A ruling by the U.S. Supreme Court could affect millions of homeowners and change the face of bankruptcy. It is a known fact that millions of Americans have mortgages on their homes. A large number of these mortgaged homeowners have a second mortgage on their homes as well as a first. Today’s ruling will affect everyone who has a second mortgage on their home.
Most people cannot afford to buy a house outright, they have to take a loan out. This loan, which covers most or all of the cost of the home is called a first mortgage. It is called a first mortgage because it takes a senior position when the homeowner declares bankruptcy. The first mortgage holder is paid first. The First mortgage also holds the deed to the house until the loan is paid off.
Many homeowners don’t qualify for enough of a first mortgage to cover the cost of a house. They have to go to a second financial institution to get a smaller loan to cover the balance of the cost of the house. This type of Mortgage, known as a second mortgage, is less of a risk because it is for a smaller amount of money. The company owning the second mortgage can put a lien against the house so if it is sold, the sale cannot go through until the second mortgage is paid off.
When homeowners have declared bankruptcy in many states, the holder of the first mortgage either gets paid or takes the home. The liens for the holder of the second mortgage are often dissolved leaving the holder of the second mortgage unable to collect on it. This gave underwater homeowners an opportunity to get out from under a house that is worth less than they paid for it.

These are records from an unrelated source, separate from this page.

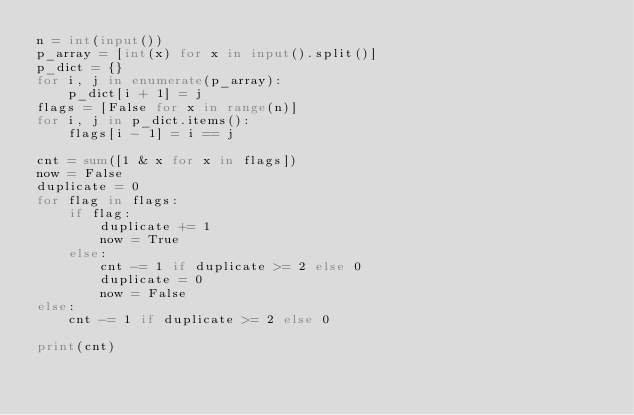<code> <loc_0><loc_0><loc_500><loc_500><_Python_>n = int(input())
p_array = [int(x) for x in input().split()]
p_dict = {}
for i, j in enumerate(p_array):
    p_dict[i + 1] = j
flags = [False for x in range(n)]
for i, j in p_dict.items():
    flags[i - 1] = i == j

cnt = sum([1 & x for x in flags])
now = False
duplicate = 0
for flag in flags:
    if flag:
        duplicate += 1
        now = True
    else:
        cnt -= 1 if duplicate >= 2 else 0
        duplicate = 0
        now = False
else:
    cnt -= 1 if duplicate >= 2 else 0

print(cnt)
</code> 
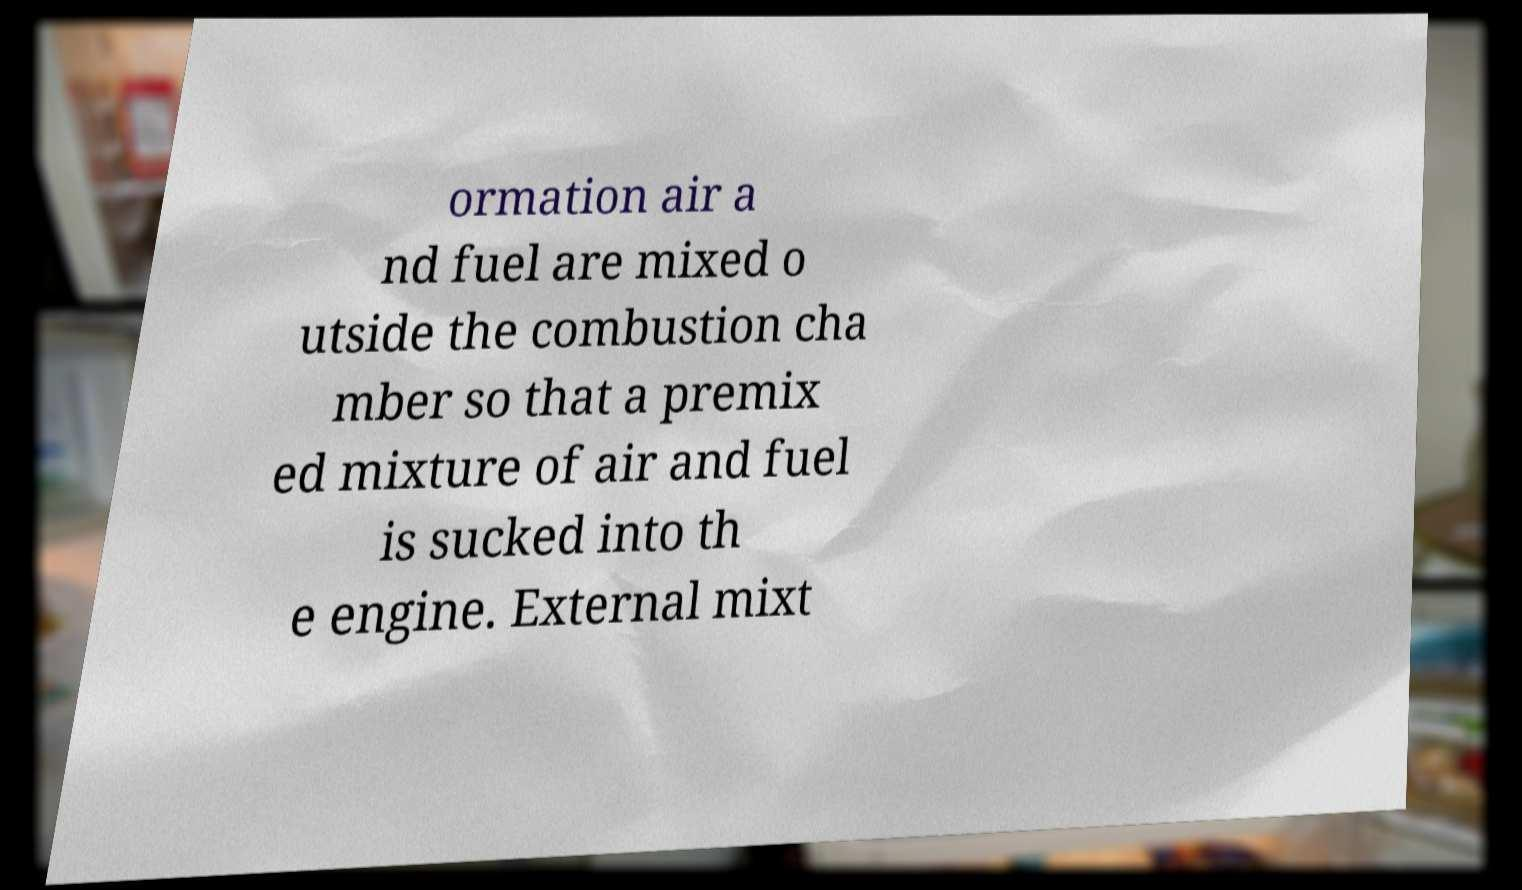I need the written content from this picture converted into text. Can you do that? ormation air a nd fuel are mixed o utside the combustion cha mber so that a premix ed mixture of air and fuel is sucked into th e engine. External mixt 
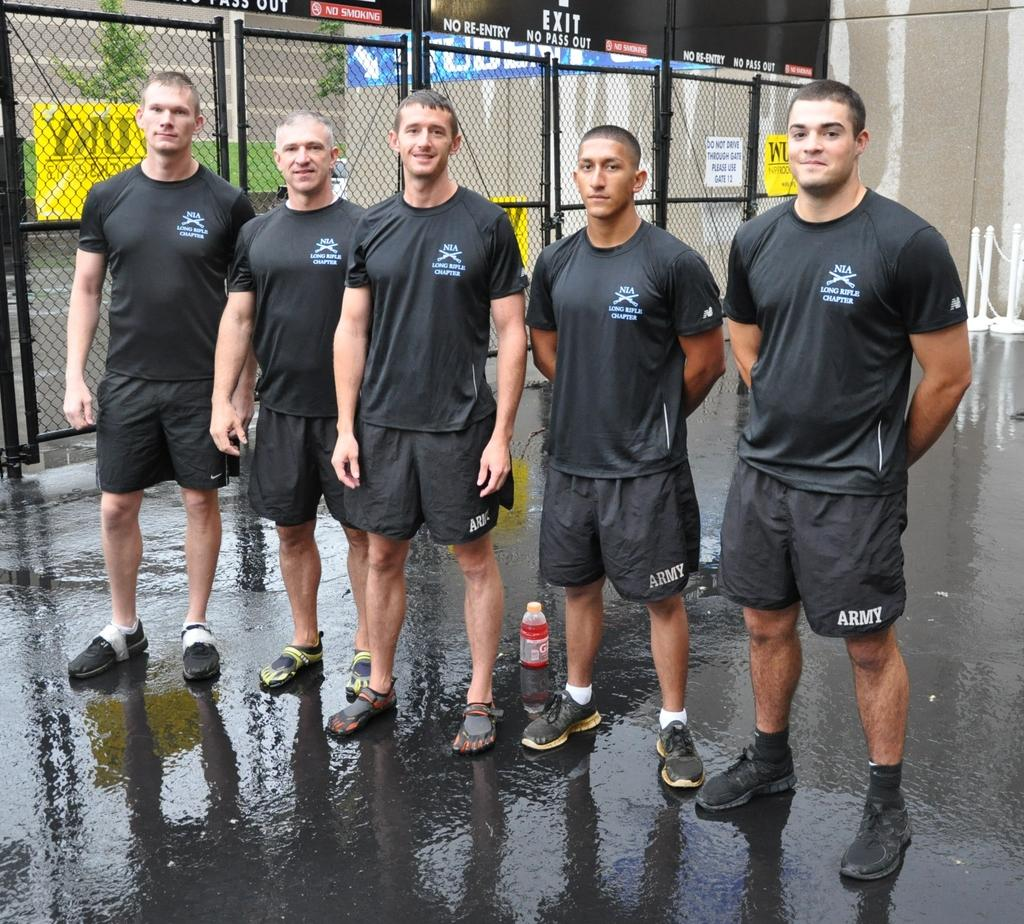How many people are present in the image? There are five people standing in the image. What are the people wearing? The people are wearing black shirts and trousers. What can be seen in the image besides the people? There is a fence, plants, a banner, and buildings in the background of the image. What type of tax is being discussed on the banner in the image? There is no mention of tax on the banner in the image. What shape is the love depicted in the image? There is no depiction of love in the image. 
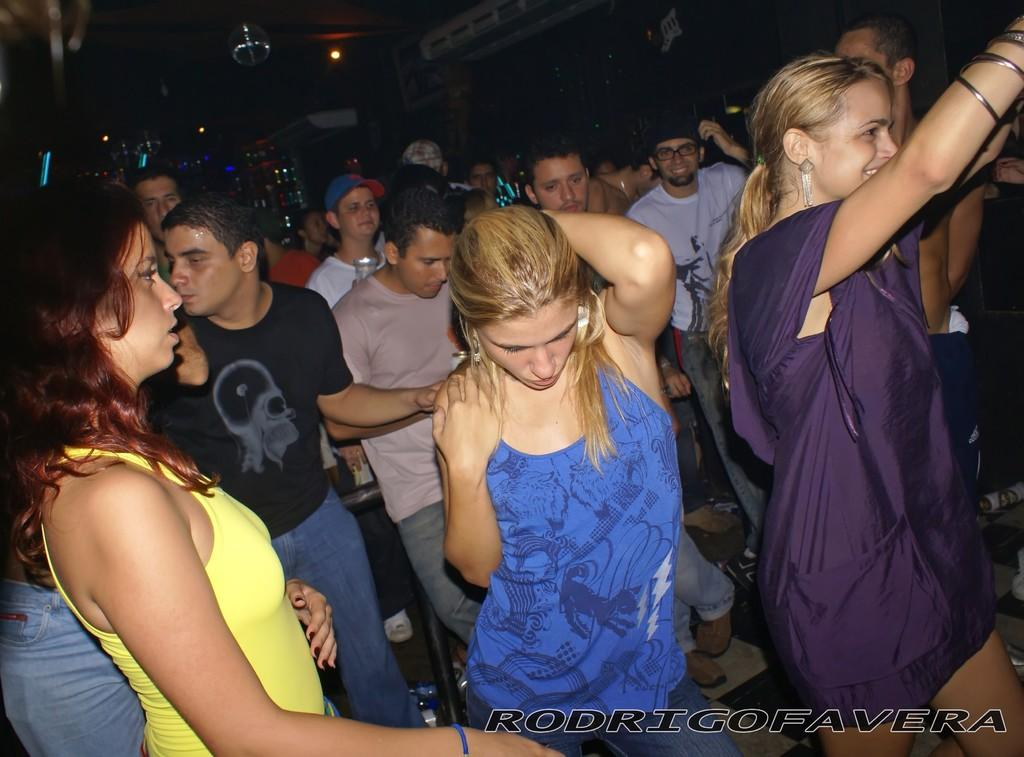What types of people are in the image? There are boys and girls in the image. Where are the boys and girls located in the image? The boys and girls are in the center of the image. What type of bird can be seen attempting to fly in the image? There is no bird present in the image, and therefore no attempt to fly can be observed. 
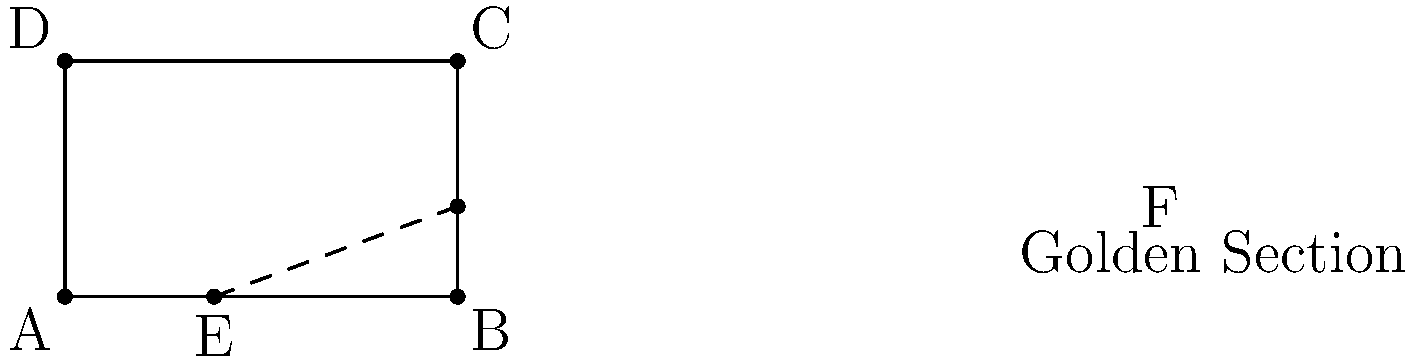In your village landscape painting, you've divided the canvas using the golden ratio. If the width of the canvas is 100 cm, what is the length of the shorter segment (AE) created by this division, rounded to the nearest centimeter? To find the length of the shorter segment created by the golden ratio, we need to follow these steps:

1) The golden ratio is approximately equal to 1.618033988749895, often denoted by the Greek letter $\phi$ (phi).

2) In a golden ratio division, the ratio of the whole to the larger part is equal to the ratio of the larger part to the smaller part.

3) Let $x$ be the length of the shorter segment (AE). Then, the length of the longer segment (EB) is $100 - x$.

4) We can set up the following equation:
   
   $\frac{100}{100-x} = \frac{100-x}{x} = \phi$

5) This can be simplified to:
   
   $\frac{100}{x} = \phi + 1 \approx 2.618033988749895$

6) Solving for $x$:
   
   $x = \frac{100}{2.618033988749895} \approx 38.19660112501051$

7) Rounding to the nearest centimeter:
   
   $x \approx 38$ cm

Therefore, the length of the shorter segment (AE) is approximately 38 cm.
Answer: 38 cm 
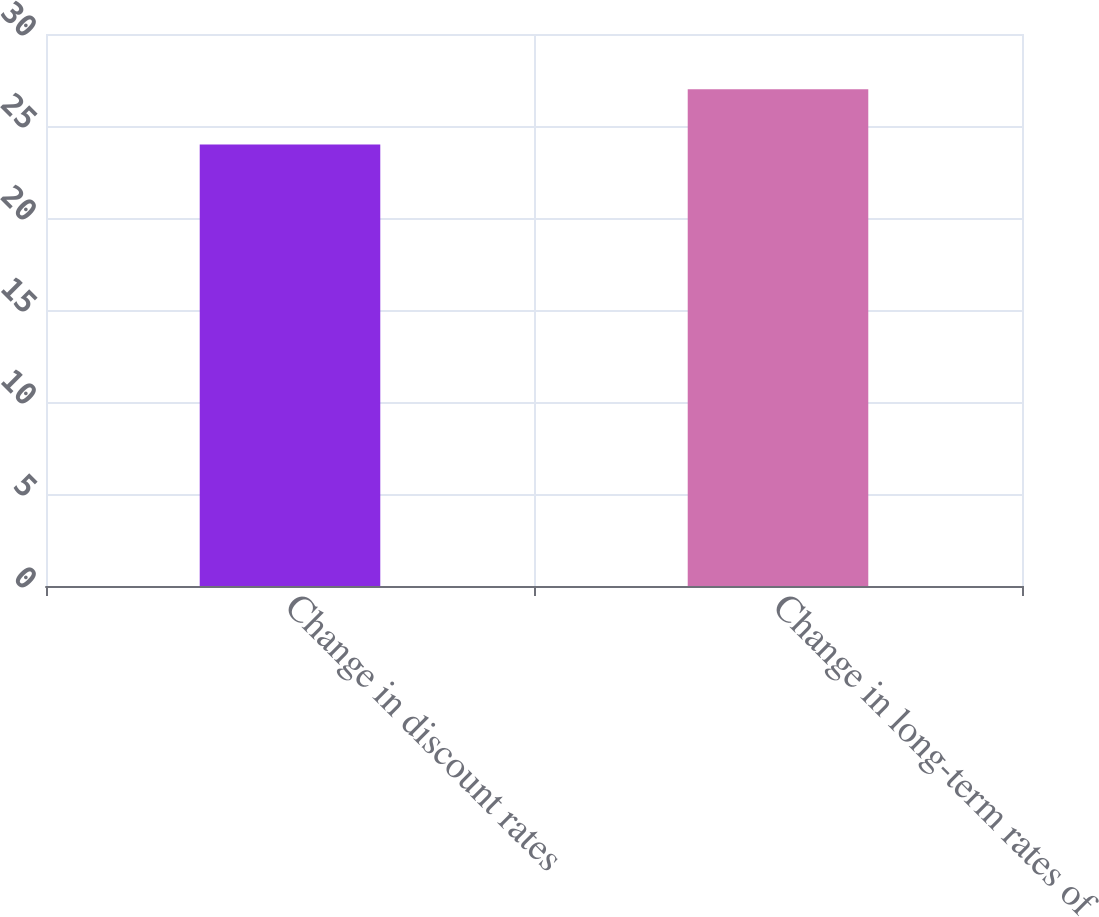Convert chart. <chart><loc_0><loc_0><loc_500><loc_500><bar_chart><fcel>Change in discount rates<fcel>Change in long-term rates of<nl><fcel>24<fcel>27<nl></chart> 
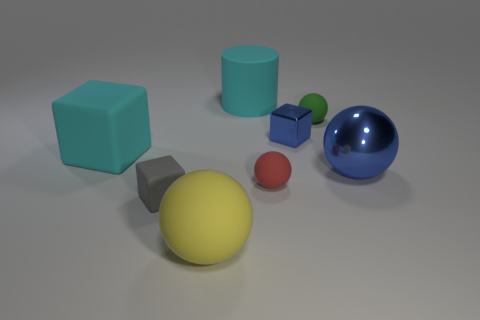What color is the cylinder that is made of the same material as the red sphere? cyan 
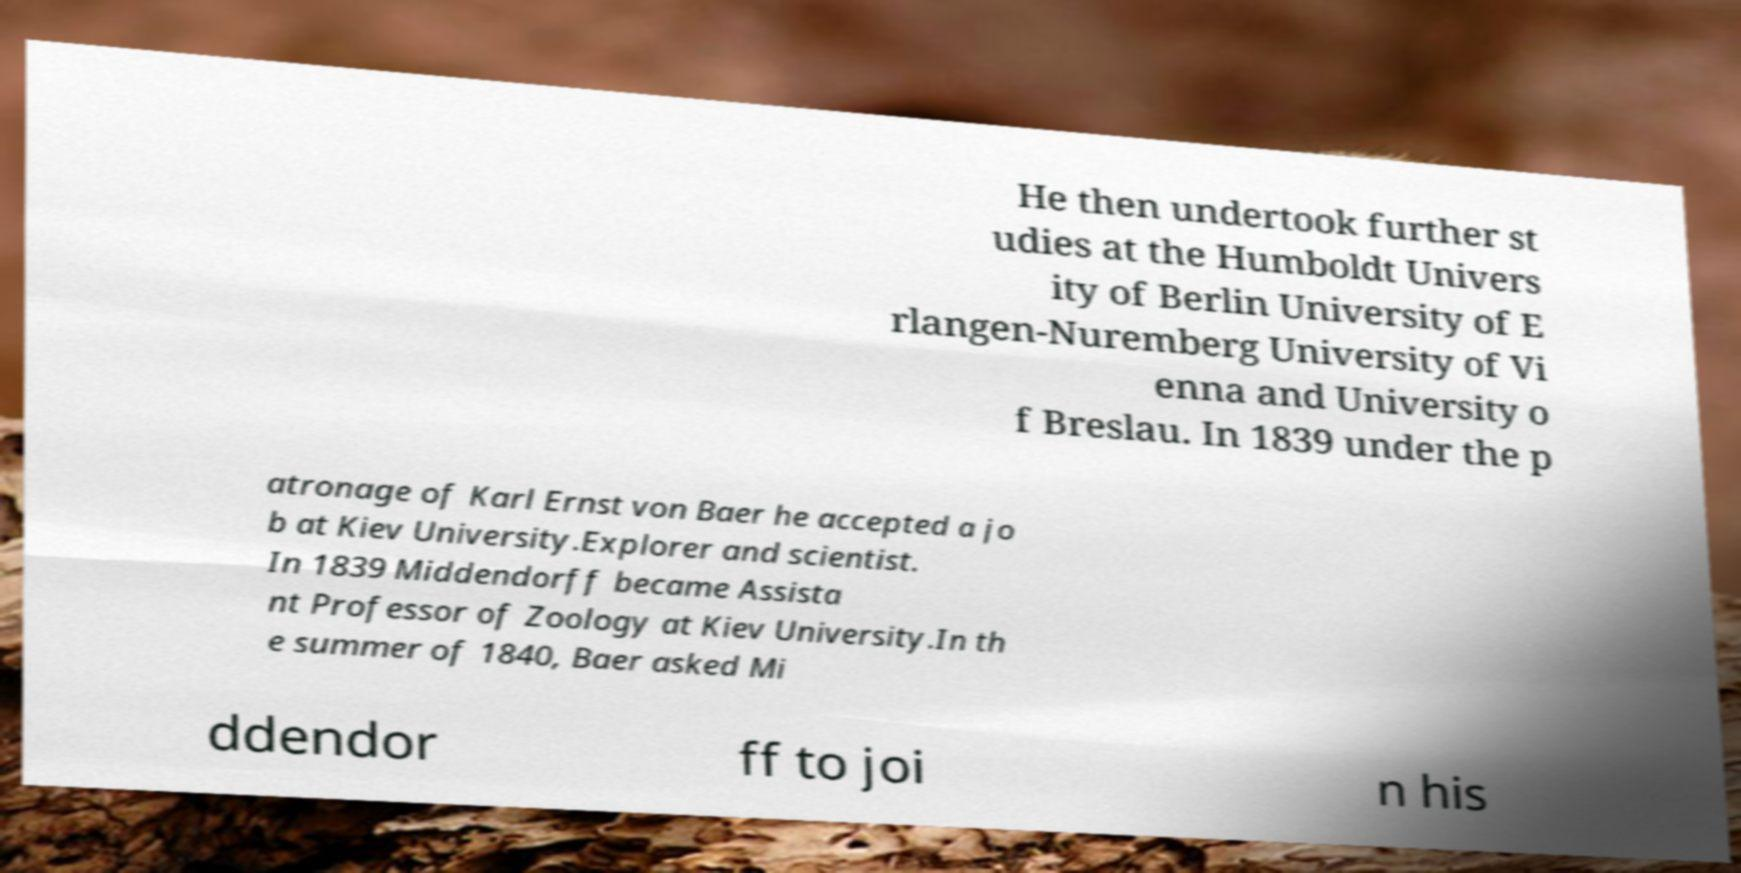There's text embedded in this image that I need extracted. Can you transcribe it verbatim? He then undertook further st udies at the Humboldt Univers ity of Berlin University of E rlangen-Nuremberg University of Vi enna and University o f Breslau. In 1839 under the p atronage of Karl Ernst von Baer he accepted a jo b at Kiev University.Explorer and scientist. In 1839 Middendorff became Assista nt Professor of Zoology at Kiev University.In th e summer of 1840, Baer asked Mi ddendor ff to joi n his

Today’s ruling cancels any legal provisions for dissolving liens by the holder of a second mortgage. It means that a homeowner declaring bankruptcy gives the First mortgage holder their house and still has to pay the holder of the second mortgage. This debt can haunt them and follow them into their grave.
Without bankruptcy protection against second mortgages, homeowners will be less likely to qualify for a loan to buy another home for many years. The debt created by the second mortgage on a home they used to own will crap all over their credit score until it is paid off. With and increasing number of employers using credit scores as a basis for deciding who to hire, the debt of a second mortgage could even affect the former homeowners ability to find a decent job.
Today’s Supreme Court ruling is good for banks and bad for consumers. Many of the people who are underwater in homes today are there because of questionable banking practices in the past. Consumers were made to look more qualified for loans on paper than they actually were. Many bought homes beyond their means, homes that dropped in value with the crash of 2007-2008. Now, the banks are being rewarded for bad behavior so they can collect on the debt they created in the first place.
If you own a home you will see a flurry of mail in your mail box and emails from financial institutions offering you second mortgages. My advice is to resist the temptations offered by these loans. My advice is to think of the years of endless debt they really offer.